This is a problem because the recovery media created will be unpredictable and depend on what temporary devices may be present at the moment mkrescue is run. Their inclusion in mkrescue's disk layout will be an unpleasant surprise at recovery and far from "relaxing."
Is it currently possible to exclude such devices that are not part of
the permanent system? For example, something like Borg's
--one-file-system
or ReaR's EXCLUDE_MOUNTPOINTS
for backups?
jsmeix commented at 2019-08-14 11:44:¶
@adatum
I have no idea how to reliably and in a fail-safe way distinguish in
an
automated way what is temporarily mounted from what is permanantly
mounted and how to distinguish an external disk from a built-in disk.

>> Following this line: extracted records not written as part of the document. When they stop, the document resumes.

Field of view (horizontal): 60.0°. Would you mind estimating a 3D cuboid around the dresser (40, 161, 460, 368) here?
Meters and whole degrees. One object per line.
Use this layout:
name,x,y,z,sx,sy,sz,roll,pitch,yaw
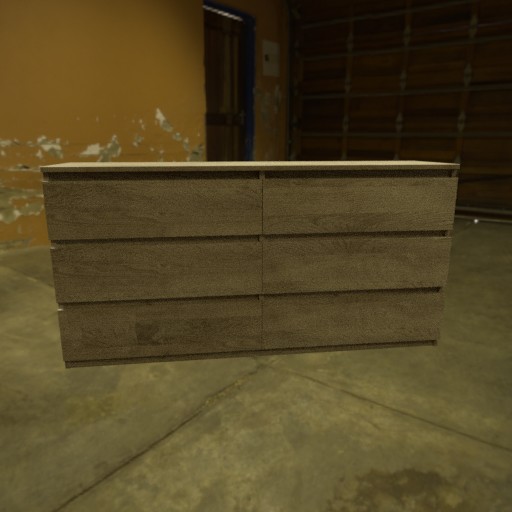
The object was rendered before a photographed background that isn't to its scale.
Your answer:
dresser,0.000,0.000,1.941,1.590,0.795,0.390,-2,14,-8
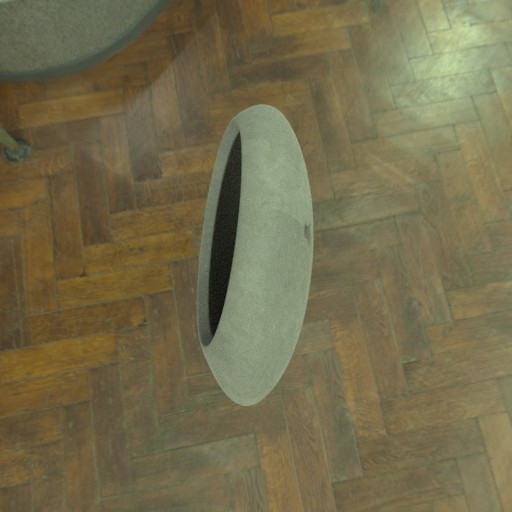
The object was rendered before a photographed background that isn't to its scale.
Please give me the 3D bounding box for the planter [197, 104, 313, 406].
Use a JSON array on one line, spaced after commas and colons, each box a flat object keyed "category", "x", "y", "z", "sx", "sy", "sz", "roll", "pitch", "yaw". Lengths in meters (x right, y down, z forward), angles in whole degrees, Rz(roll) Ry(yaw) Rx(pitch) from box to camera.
[{"category": "planter", "x": 0.000, "y": 0.000, "z": 0.288, "sx": 0.071, "sy": 0.188, "sz": 0.185, "roll": 4, "pitch": 76, "yaw": 1}]
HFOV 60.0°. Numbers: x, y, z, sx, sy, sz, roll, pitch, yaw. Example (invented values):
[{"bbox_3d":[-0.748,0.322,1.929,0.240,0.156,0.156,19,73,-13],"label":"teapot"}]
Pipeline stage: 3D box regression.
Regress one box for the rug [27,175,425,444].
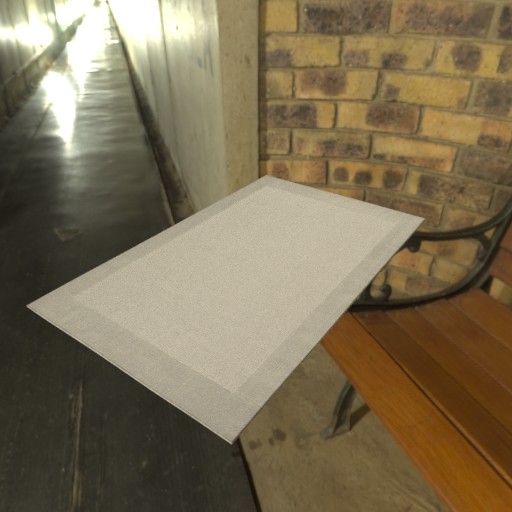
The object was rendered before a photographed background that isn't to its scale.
[{"bbox_3d":[0.000,0.000,3.023,1.524,0.014,2.438,21,38,30],"label":"rug"}]
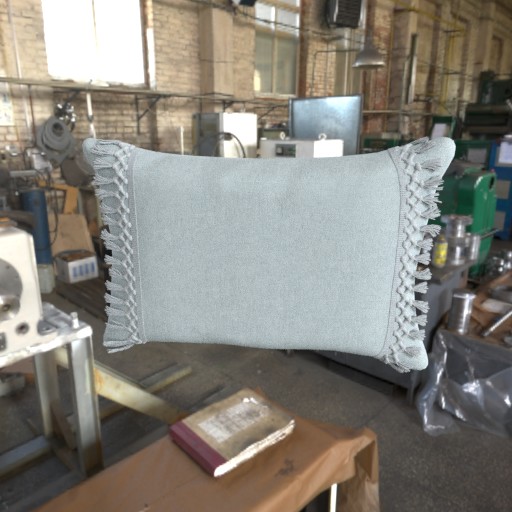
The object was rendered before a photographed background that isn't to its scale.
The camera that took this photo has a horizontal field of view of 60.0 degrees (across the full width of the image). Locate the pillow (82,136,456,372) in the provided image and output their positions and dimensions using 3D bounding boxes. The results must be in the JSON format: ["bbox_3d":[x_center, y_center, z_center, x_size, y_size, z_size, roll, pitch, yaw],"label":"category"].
[{"bbox_3d":[0.000,0.000,0.585,0.466,0.305,0.084,3,16,9],"label":"pillow"}]
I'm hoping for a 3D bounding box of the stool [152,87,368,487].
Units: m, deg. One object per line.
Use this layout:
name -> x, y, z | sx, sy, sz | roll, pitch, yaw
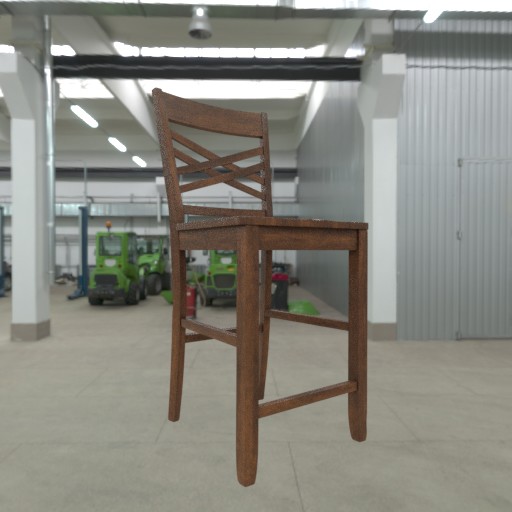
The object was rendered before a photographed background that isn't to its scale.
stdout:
stool -> 0.000, 0.000, 1.372 | 0.462, 1.079, 0.539 | -1, 1, -37
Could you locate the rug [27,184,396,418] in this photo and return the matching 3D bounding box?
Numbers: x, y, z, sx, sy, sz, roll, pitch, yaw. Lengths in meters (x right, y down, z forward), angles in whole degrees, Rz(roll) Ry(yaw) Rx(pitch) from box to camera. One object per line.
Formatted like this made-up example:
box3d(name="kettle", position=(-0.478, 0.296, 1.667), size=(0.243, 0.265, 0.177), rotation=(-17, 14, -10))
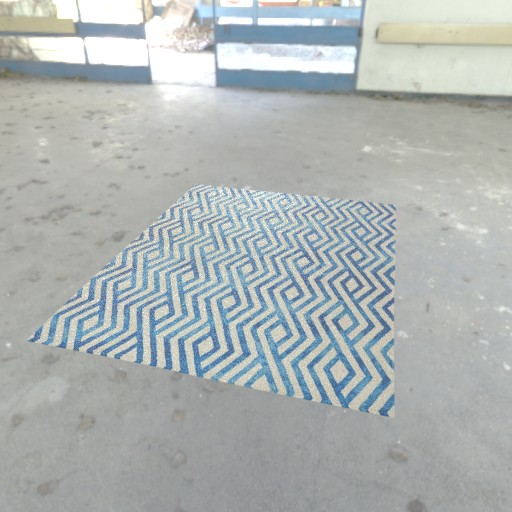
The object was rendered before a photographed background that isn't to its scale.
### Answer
box3d(name="rug", position=(0.000, 0.000, 4.039), size=(2.453, 0.008, 3.059), rotation=(8, 31, 13))
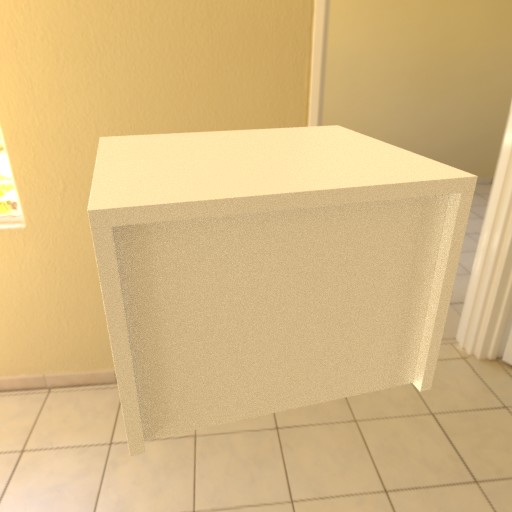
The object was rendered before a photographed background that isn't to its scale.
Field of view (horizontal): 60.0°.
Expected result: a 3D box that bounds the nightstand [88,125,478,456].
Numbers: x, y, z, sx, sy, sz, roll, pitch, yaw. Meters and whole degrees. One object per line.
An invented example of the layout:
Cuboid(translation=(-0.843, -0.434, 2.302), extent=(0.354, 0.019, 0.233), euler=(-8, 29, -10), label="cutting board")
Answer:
Cuboid(translation=(0.000, 0.000, 0.757), extent=(0.470, 0.351, 0.408), euler=(-7, 26, -14), label="nightstand")

I don't know what "temporarily mounted" should mean from a
computer's internal point of view (in contrast to the user who knows
it).
I know about server hardware that has a USB disk built in on the
motherboard
(which can even get into one's way when that device suddenly becomes
/dev/sda
and you cannot just unplug that unwanted device because it is built-in).
Because I am currently and for some more weeks not in the office
I cannot try out and test how current ReaR actually behaves but
what you describe has never been an issue before (as far as I can
remember) so that I think how current ReaR behaves is o.k. for
how it was and is used by our current users.
As far as I see from plain looking at the code in
https://github.com/rear/rear/blob/master/usr/share/rear/lib/checklayout-workflow.sh
and in particular in
https://github.com/rear/rear/blob/master/usr/share/rear/layout/compare/default/500_compare_layout.sh
what happens is that a new temporary disklayout.conf file is created
where its active (i.e. non-commented) entries are compared with
those of the last stored "official" disklayout.conf file.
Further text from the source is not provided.